Already, many county governments in arid and semi-arid counties are leaning towards the regionalisation of livestock markets through the construction of large-scale abattoirs (in Marsabit, Isiolo, Samburu, Wajir and Garissa Counties) and targeting of high-value meat export markets in the Arabian Peninsula. While such efforts are welcome, they should be preceded by discussions on the governance of the value chain, particularly on the position of pastoralist producers in the chain, models of the proposed trading arrangements and opportunities to tap into livestock traceability and other associated opportunities for premium pricing of pastoralist livestock.

The key to unlocking the pastoralist value chain is establishing standards and linkages. The coordination of the value chain from upstream to downstream, improving the flow of market information and price accuracy, and providing a wider choice of potential buyers to livestock entrepreneurs and producers from arid areas are all necessary interventions. In some countries, more transparent trading arrangements, such as livestock auctions, have been tested and have proven successful at improving price transparency, coordination of sales and offering price competitiveness to livestock producers. To this end, the earlier we embrace an ICT trading platform as a step towards improving access to livestock market information the better.

The key to unlocking the pastoralist value chain is in establishing standards and linkages.

In effect, it is important to invest in appropriate ICT technologies that can offer a mechanism to crowdsource market prices to make real-time price information available to buyers and sellers, create a platform for open purchase and sales, improve logistics by maximizing availability and use of transport, and publicise the availability of water, vaccinations, breeding and financial services, among others.

Although still in their early stages, online livestock trading platforms such as Cowsoko are emerging to fix supply-side issues, address limited demand-side market information and improve accessibility to quality cattle.

Invest to produce quality animals

Improvement in rangeland management is another important aspect that needs proper investment. This should start with participatory rangeland mapping to articulate priorities such as the protection of key grazing resources and seasonal access. This could be complemented with a Geographical Information System (GIS) to produce digital maps displaying high spatial precision resource distribution.

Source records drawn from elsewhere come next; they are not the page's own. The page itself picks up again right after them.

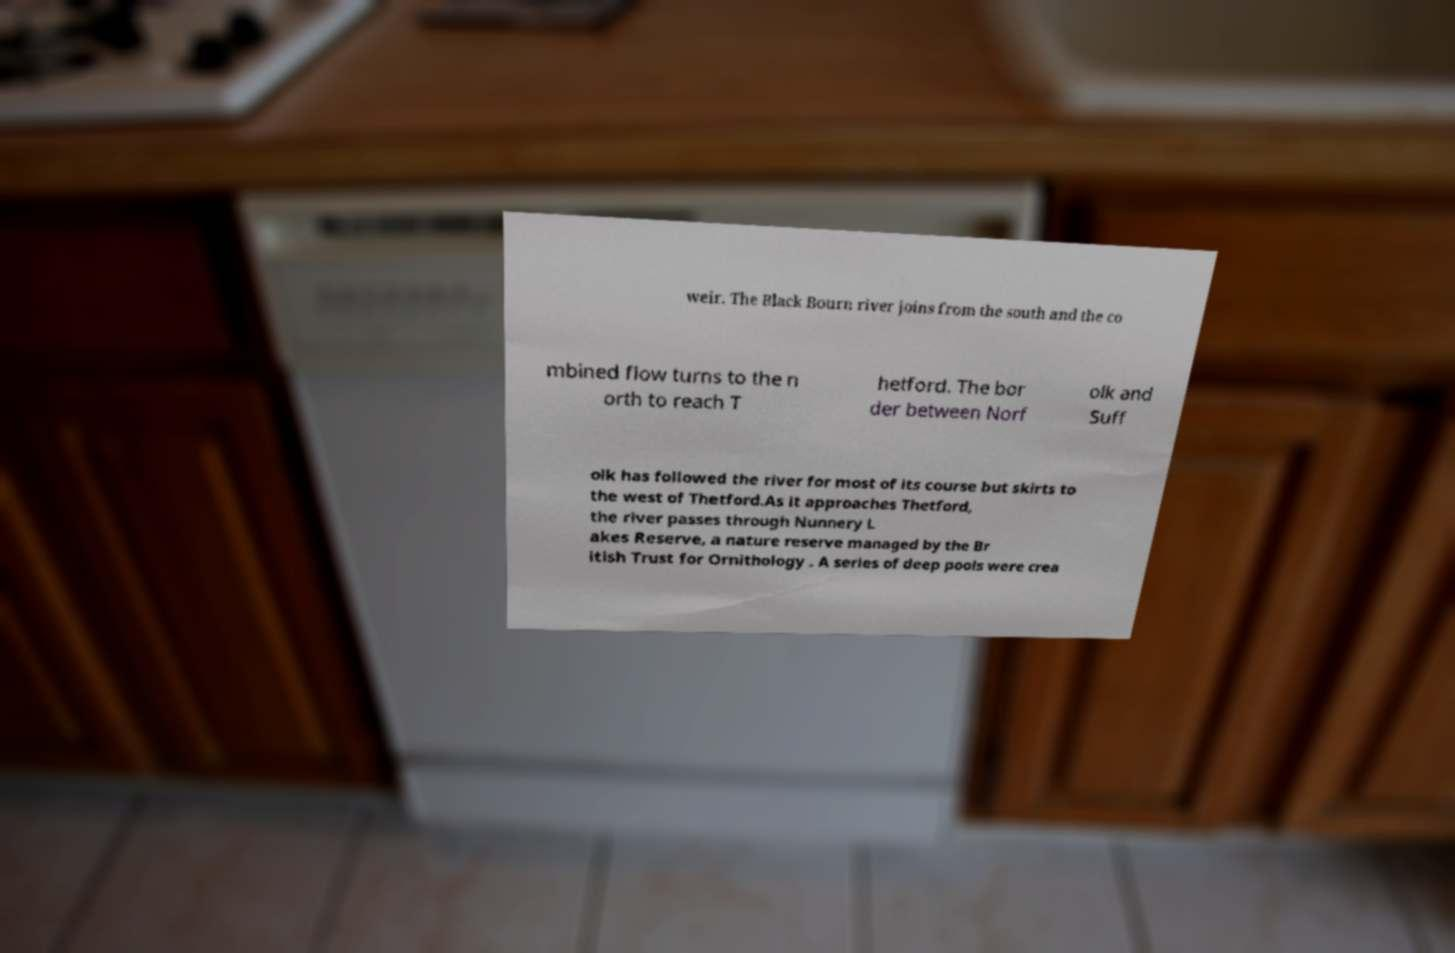What messages or text are displayed in this image? I need them in a readable, typed format. weir. The Black Bourn river joins from the south and the co mbined flow turns to the n orth to reach T hetford. The bor der between Norf olk and Suff olk has followed the river for most of its course but skirts to the west of Thetford.As it approaches Thetford, the river passes through Nunnery L akes Reserve, a nature reserve managed by the Br itish Trust for Ornithology . A series of deep pools were crea 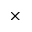Convert formula to latex. <formula><loc_0><loc_0><loc_500><loc_500>\times</formula> 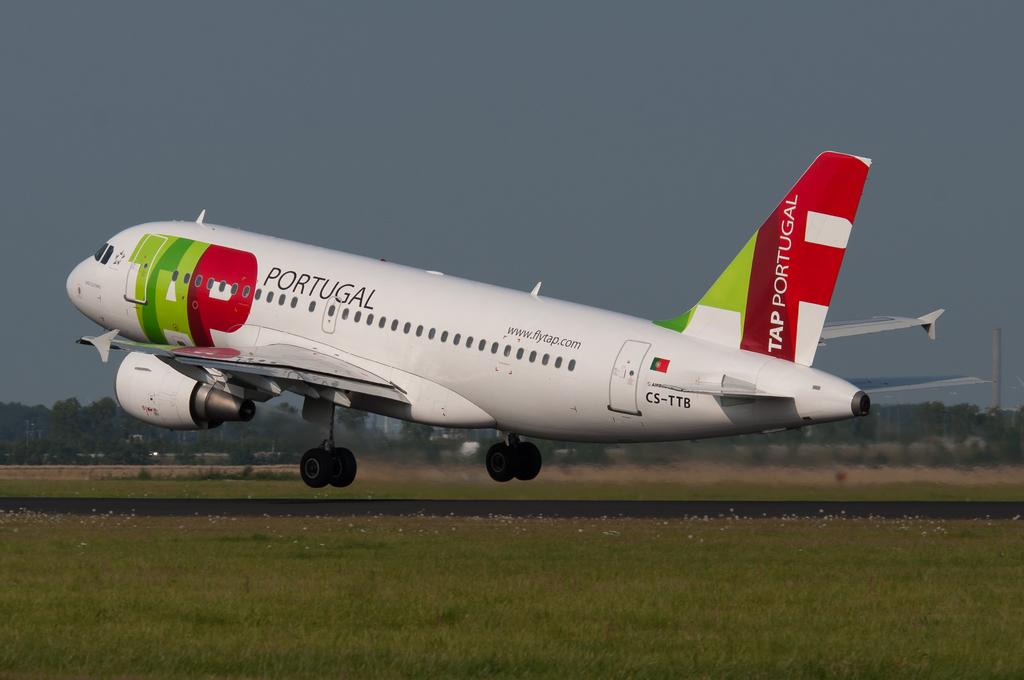What is the main subject of the image? The main subject of the image is an aeroplane flying. Where is the aeroplane located in the image? The aeroplane is in the center of the image. What type of terrain is visible at the bottom of the image? There is grass and a runway visible at the bottom of the image. What can be seen in the background of the image? There are trees and the sky visible in the background of the image. What type of badge is the aeroplane wearing on its wing in the image? There is no badge visible on the aeroplane's wing in the image. How many times does the aeroplane cough while flying in the image? Airplanes do not cough, as they are inanimate objects. 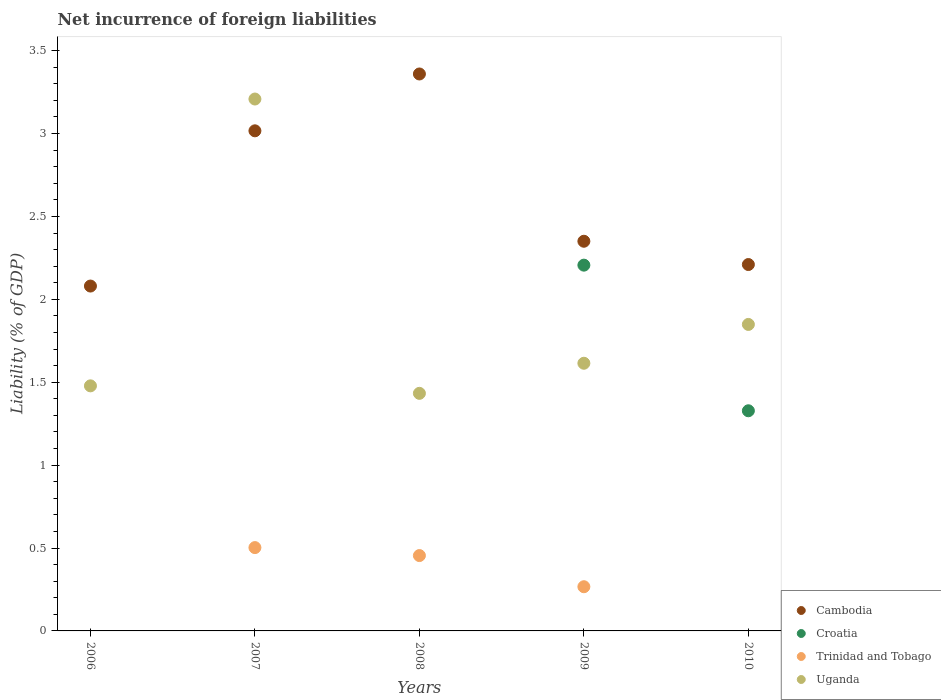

Empowering local level governance systems such as Dhedha — the highest geographical unit for resource management among Borana herders — should follow such participatory mapping exercises. County assemblies should support these local grazing management institutions by developing appropriate by-laws. This will necessitate capacity building in by-law formulation and facilitating the by-law development process by the county assemblies. Investment in rangeland governance through agreements and the development of enforcement mechanisms in selected arid and semi-arid counties will also reduce incidences of conflict and foster peaceful coexistence within an agreed governance framework.

The earlier we embrace an ICT trading platform as a step towards improving access to livestock market information the better.

To improve the quality of animals, interventions in animal production should focus on boosting inputs and extension services. Input markets are flooded with sub-standard products, which expose livestock producers and affect the quality of their product. There is a need to streamline production support by embracing modern e-financing tools such as through the e-voucher, a customised debit (ATM) card containing different “e-wallets” which livestock owners can use to make purchases from selected agro-vets, enabling them to access various inputs such as vaccines, medicines, feed, feed supplements, extension services, veterinary care, Artificial Insemination services, among others.

In this regard, valuable lessons can be learned from the IFAD-financed Kenya Cereal Enhancement Programme – Climate-Resilient Agricultural Livelihoods Window (KCEP-CRAL) project where an electronic “e-voucher” scheme was extensively utilised to improve farmers’ access to Agri-inputs and to offer coordinated solutions through Public-Private-Producer Partnerships.